University of California San Diego Health System Department of Biomedical Informatics, La Jolla, CA 92130, USA.
These authors contributed equally. Corresponding Author: Lucila Ohno-Machado, MD, MBA, PhD (
AMIA Jt Summits Transl Sci Proc. 2021 May 17;2021:355-364. eCollection 2021.
Federated learning of data from multiple participating parties is getting more attention and has many healthcare applications. We have previously developed VERTIGO, a distributed logistic regression model for vertically partitioned data.

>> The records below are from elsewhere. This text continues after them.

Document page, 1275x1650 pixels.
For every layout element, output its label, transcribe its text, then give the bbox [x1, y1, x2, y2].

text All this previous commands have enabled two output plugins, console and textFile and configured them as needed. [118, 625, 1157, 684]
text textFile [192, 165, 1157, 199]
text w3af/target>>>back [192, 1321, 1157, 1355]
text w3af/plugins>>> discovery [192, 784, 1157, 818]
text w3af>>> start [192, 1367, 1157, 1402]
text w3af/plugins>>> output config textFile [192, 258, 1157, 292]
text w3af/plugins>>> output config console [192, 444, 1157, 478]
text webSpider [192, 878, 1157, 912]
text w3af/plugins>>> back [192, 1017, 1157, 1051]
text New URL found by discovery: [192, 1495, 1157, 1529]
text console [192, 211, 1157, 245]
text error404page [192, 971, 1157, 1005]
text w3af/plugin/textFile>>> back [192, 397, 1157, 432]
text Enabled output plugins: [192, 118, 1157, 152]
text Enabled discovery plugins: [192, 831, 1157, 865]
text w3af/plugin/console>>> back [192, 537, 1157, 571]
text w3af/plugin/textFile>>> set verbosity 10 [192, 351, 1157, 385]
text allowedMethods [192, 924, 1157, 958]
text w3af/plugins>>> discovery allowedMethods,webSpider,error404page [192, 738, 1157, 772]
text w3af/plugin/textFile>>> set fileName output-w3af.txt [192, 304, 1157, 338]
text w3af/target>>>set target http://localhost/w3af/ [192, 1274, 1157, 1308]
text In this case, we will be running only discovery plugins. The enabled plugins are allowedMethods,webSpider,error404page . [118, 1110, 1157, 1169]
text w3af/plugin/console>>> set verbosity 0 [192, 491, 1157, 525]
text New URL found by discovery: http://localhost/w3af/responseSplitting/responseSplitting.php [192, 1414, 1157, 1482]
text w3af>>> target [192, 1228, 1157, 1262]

The model takes advantage of the linear separation property of kernel matrices of a dual space model to harmonize information in a privacy-preserving manner. However, this method does not handle the variance estimation and only provides point estimates: it cannot report test statistics and associated P-values. In this work, we extend VERTIGO by introducing a novel ring-structure protocol to pass on intermediary statistics among clients and successfully reconstructed the covariance matrix in the dual space. This extension, VERTIGO-CI, is a complete protocol to construct a logistic regression model from vertically partitioned datasets as if it is trained on combined data in a centralized setting. We evaluated our results on synthetic and real data, showing the equivalent accuracy and tolerable performance overhead compared to the centralized version. This novel extension can be applied to other types of generalized linear models that have dual objectives.

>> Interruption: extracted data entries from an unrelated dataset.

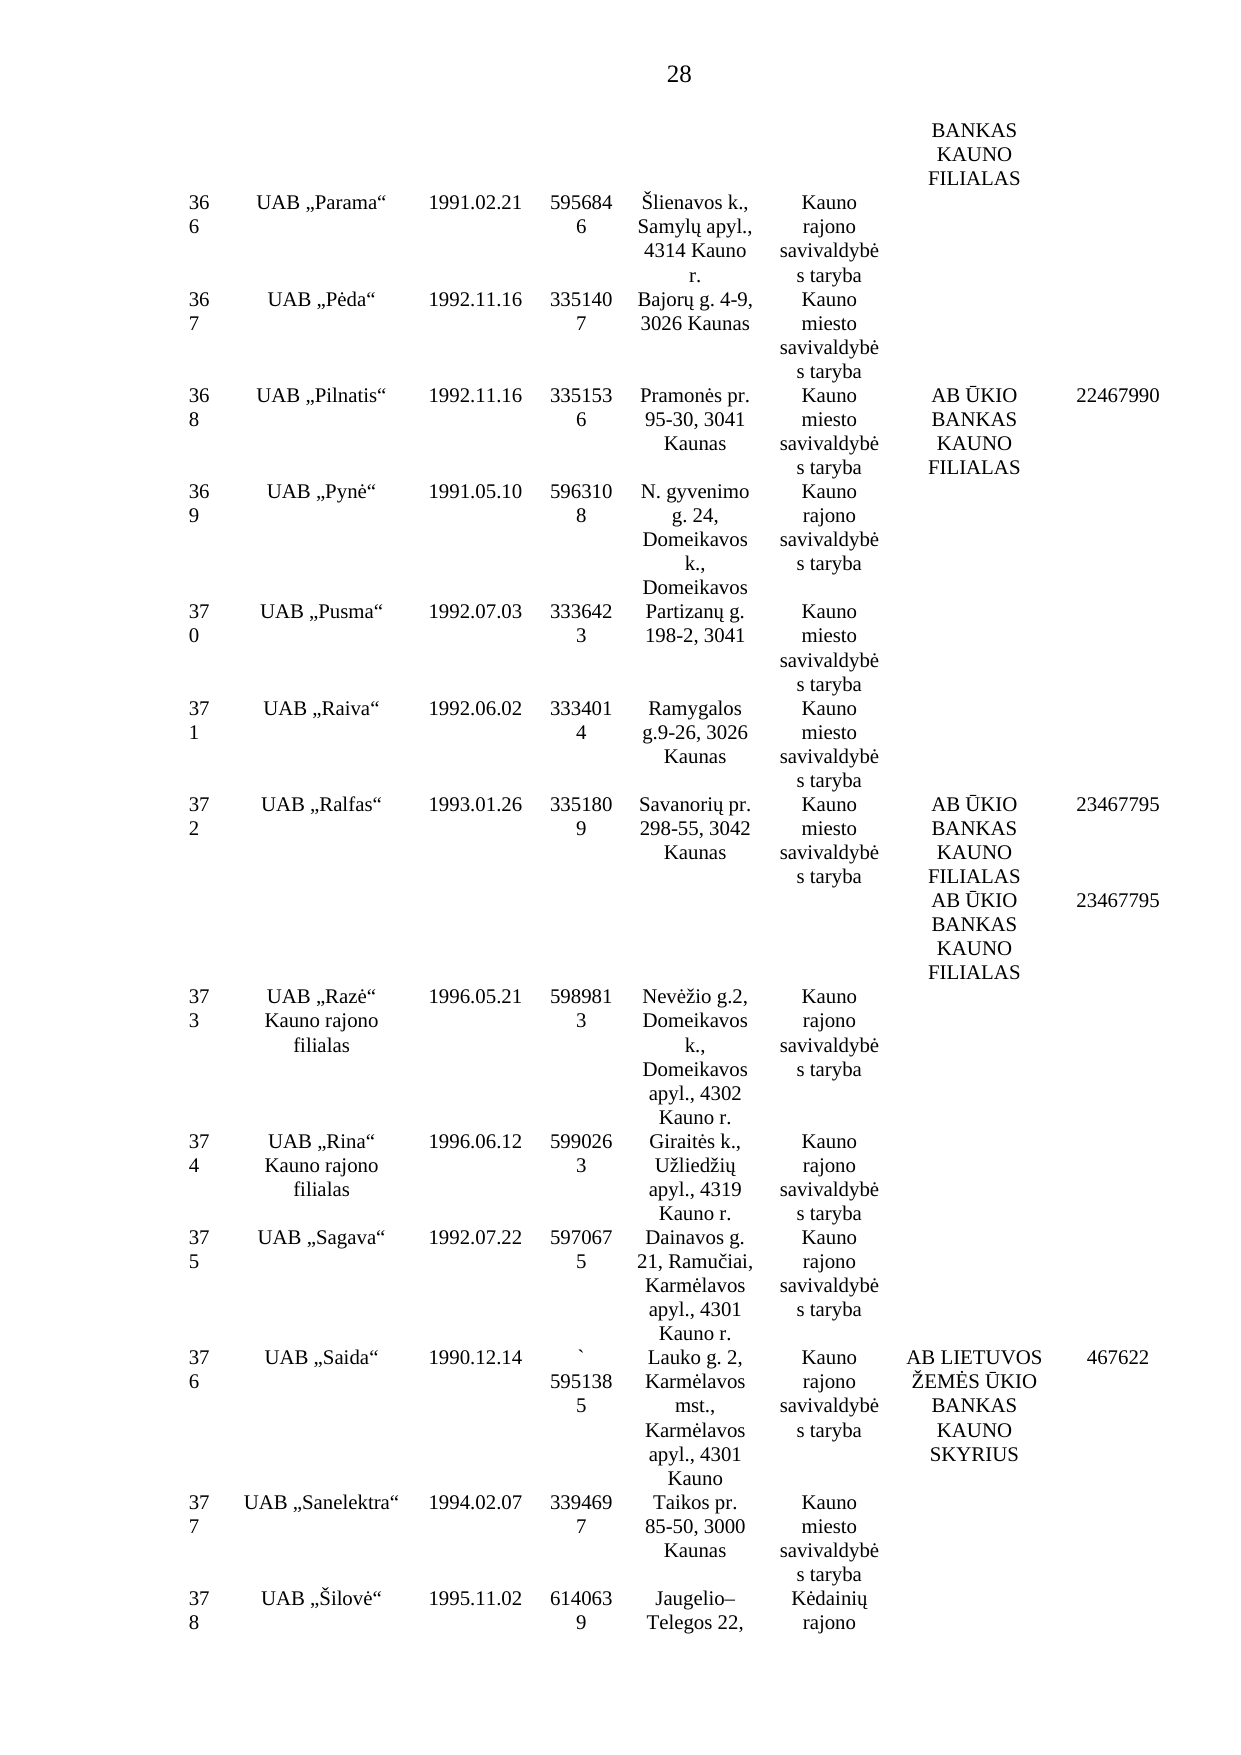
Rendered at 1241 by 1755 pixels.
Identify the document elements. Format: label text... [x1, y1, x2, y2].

table_cell [1055, 190, 1181, 287]
table_cell [894, 984, 1055, 1129]
table_cell [894, 1129, 1055, 1225]
table_cell 5990263 [536, 1129, 625, 1225]
table_cell UAB „Sagava“ [229, 1225, 414, 1345]
table_cell Nevėžio g.2, Domeikavos k., Domeikavos apyl., 4302 Kauno r. [625, 984, 765, 1129]
table_cell 5956846 [536, 190, 625, 287]
table_cell [1055, 696, 1181, 792]
table_cell Savanorių pr. 298-55, 3042 Kaunas [625, 792, 765, 984]
table_cell UAB „Pynė“ [229, 479, 414, 599]
table_cell 5963108 [536, 479, 625, 599]
table_cell Kauno miesto savivaldybės taryba [765, 792, 894, 984]
table_cell Giraitės k., Užliedžių apyl., 4319 Kauno r. [625, 1129, 765, 1225]
table_cell UAB „Raiva“ [229, 696, 414, 792]
table_cell 375 [177, 1225, 229, 1345]
table_cell UAB „Pusma“ [229, 599, 414, 696]
table_cell BANKAS KAUNO FILIALAS [894, 118, 1055, 190]
table_cell [1055, 1490, 1181, 1586]
table_cell UAB „Pilnatis“ [229, 383, 414, 479]
table_cell [1055, 287, 1181, 383]
table_cell 467622 [1055, 1345, 1181, 1490]
table_cell [894, 599, 1055, 696]
table_cell [894, 287, 1055, 383]
table_cell [894, 1225, 1055, 1345]
table_cell Kėdainių rajono [765, 1586, 894, 1634]
table_cell Kauno rajono savivaldybės taryba [765, 190, 894, 287]
table_cell Dainavos g. 21, Ramučiai, Karmėlavos apyl., 4301 Kauno r. [625, 1225, 765, 1345]
table_cell Taikos pr. 85-50, 3000 Kaunas [625, 1490, 765, 1586]
table_cell 1995.11.02 [414, 1586, 536, 1634]
table_cell Jaugelio–Telegos 22, [625, 1586, 765, 1634]
table_cell UAB „Sanelektra“ [229, 1490, 414, 1586]
table_cell Lauko g. 2, Karmėlavos mst., Karmėlavos apyl., 4301 Kauno [625, 1345, 765, 1490]
table_cell Kauno rajono savivaldybės taryba [765, 1225, 894, 1345]
table_cell 368 [177, 383, 229, 479]
table_cell [1055, 599, 1181, 696]
table_cell 378 [177, 1586, 229, 1634]
table_cell 366 [177, 190, 229, 287]
table_cell ` 5951385 [536, 1345, 625, 1490]
table_cell 3351809 [536, 792, 625, 984]
table_cell 374 [177, 1129, 229, 1225]
table_cell UAB „Razė“ Kauno rajono filialas [229, 984, 414, 1129]
table_cell [765, 118, 894, 190]
table_cell UAB „Saida“ [229, 1345, 414, 1490]
table_cell 1992.06.02 [414, 696, 536, 792]
table_cell 5989813 [536, 984, 625, 1129]
table_cell Partizanų g. 198-2, 3041 [625, 599, 765, 696]
table_cell 1993.01.26 [414, 792, 536, 984]
table_cell 3334014 [536, 696, 625, 792]
table_cell [894, 696, 1055, 792]
table_cell 1992.07.03 [414, 599, 536, 696]
table_cell 373 [177, 984, 229, 1129]
table_cell 22467990 [1055, 383, 1181, 479]
table_cell UAB „Pėda“ [229, 287, 414, 383]
table_cell 5970675 [536, 1225, 625, 1345]
table_cell [1055, 1586, 1181, 1634]
table_cell [1055, 1129, 1181, 1225]
table_cell 23467795 23467795 [1055, 792, 1181, 984]
table_cell [894, 1586, 1055, 1634]
table_cell 367 [177, 287, 229, 383]
table_cell [1055, 118, 1181, 190]
table_cell 1996.06.12 [414, 1129, 536, 1225]
table_cell Pramonės pr. 95-30, 3041 Kaunas [625, 383, 765, 479]
table_cell [536, 118, 625, 190]
table_cell 372 [177, 792, 229, 984]
table_cell Kauno rajono savivaldybės taryba [765, 1345, 894, 1490]
table_cell [1055, 1225, 1181, 1345]
table_cell Ramygalos g.9-26, 3026 Kaunas [625, 696, 765, 792]
table_cell UAB „Parama“ [229, 190, 414, 287]
table_cell Kauno rajono savivaldybės taryba [765, 1129, 894, 1225]
table_cell [1055, 984, 1181, 1129]
table_cell 370 [177, 599, 229, 696]
table_cell AB ŪKIO BANKAS KAUNO FILIALAS AB ŪKIO BANKAS KAUNO FILIALAS [894, 792, 1055, 984]
table_cell [894, 479, 1055, 599]
table_cell 1994.02.07 [414, 1490, 536, 1586]
table_cell [1055, 479, 1181, 599]
table_cell Kauno miesto savivaldybės taryba [765, 696, 894, 792]
table_cell [625, 118, 765, 190]
table_cell 1992.11.16 [414, 287, 536, 383]
table_cell 377 [177, 1490, 229, 1586]
table_cell Kauno rajono savivaldybės taryba [765, 479, 894, 599]
table_cell 1996.05.21 [414, 984, 536, 1129]
table_cell 1992.07.22 [414, 1225, 536, 1345]
table_cell UAB „Rina“ Kauno rajono filialas [229, 1129, 414, 1225]
table_cell 376 [177, 1345, 229, 1490]
table_cell 371 [177, 696, 229, 792]
table_cell Kauno miesto savivaldybės taryba [765, 1490, 894, 1586]
table_cell 1990.12.14 [414, 1345, 536, 1490]
table_cell Bajorų g. 4-9, 3026 Kaunas [625, 287, 765, 383]
table_cell N. gyvenimo g. 24, Domeikavos k., Domeikavos [625, 479, 765, 599]
table_cell UAB „Šilovė“ [229, 1586, 414, 1634]
table_cell UAB „Ralfas“ [229, 792, 414, 984]
table_cell [229, 118, 414, 190]
table_cell 1992.11.16 [414, 383, 536, 479]
table_cell 1991.05.10 [414, 479, 536, 599]
table_cell 3394697 [536, 1490, 625, 1586]
table_cell AB ŪKIO BANKAS KAUNO FILIALAS [894, 383, 1055, 479]
table_cell 3351407 [536, 287, 625, 383]
table_cell Kauno miesto savivaldybės taryba [765, 599, 894, 696]
table_cell Kauno rajono savivaldybės taryba [765, 984, 894, 1129]
table_cell 3336423 [536, 599, 625, 696]
table_cell 3351536 [536, 383, 625, 479]
table_cell Šlienavos k., Samylų apyl., 4314 Kauno r. [625, 190, 765, 287]
table_cell [894, 1490, 1055, 1586]
table_cell AB LIETUVOS ŽEMĖS ŪKIO BANKAS KAUNO SKYRIUS [894, 1345, 1055, 1490]
table_cell 369 [177, 479, 229, 599]
table_cell Kauno miesto savivaldybės taryba [765, 383, 894, 479]
table_cell 1991.02.21 [414, 190, 536, 287]
table_cell [414, 118, 536, 190]
table_cell Kauno miesto savivaldybės taryba [765, 287, 894, 383]
table_cell [177, 118, 229, 190]
table_cell [894, 190, 1055, 287]
table_cell 6140639 [536, 1586, 625, 1634]

多方参与的联邦学习越来越受到关注,并在医疗保健领域有许多应用。我们之前开发了 VERTIGO,这是一种用于垂直分割数据的分布式逻辑回归模型。该模型利用对偶空间模型核矩阵的线性分离特性,以隐私保护的方式协调信息。然而,这种方法不处理方差估计,只提供点估计:它不能报告检验统计量和相关的 P 值。在这项工作中,我们通过引入一种新的环形结构协议来扩展 VERTIGO,该协议可以在客户端之间传递中间统计信息,并成功重建对偶空间中的协方差矩阵。这个扩展名为 VERTIGO-CI,它是一个完整的协议,可以从垂直分割的数据集中构建逻辑回归模型,就好像它是在集中设置下基于组合数据进行训练的。我们在合成数据和真实数据上评估了我们的结果,与集中版本相比,它具有相当的准确性和可接受的性能开销。这个新的扩展可以应用于具有对偶目标的其他类型的广义线性模型。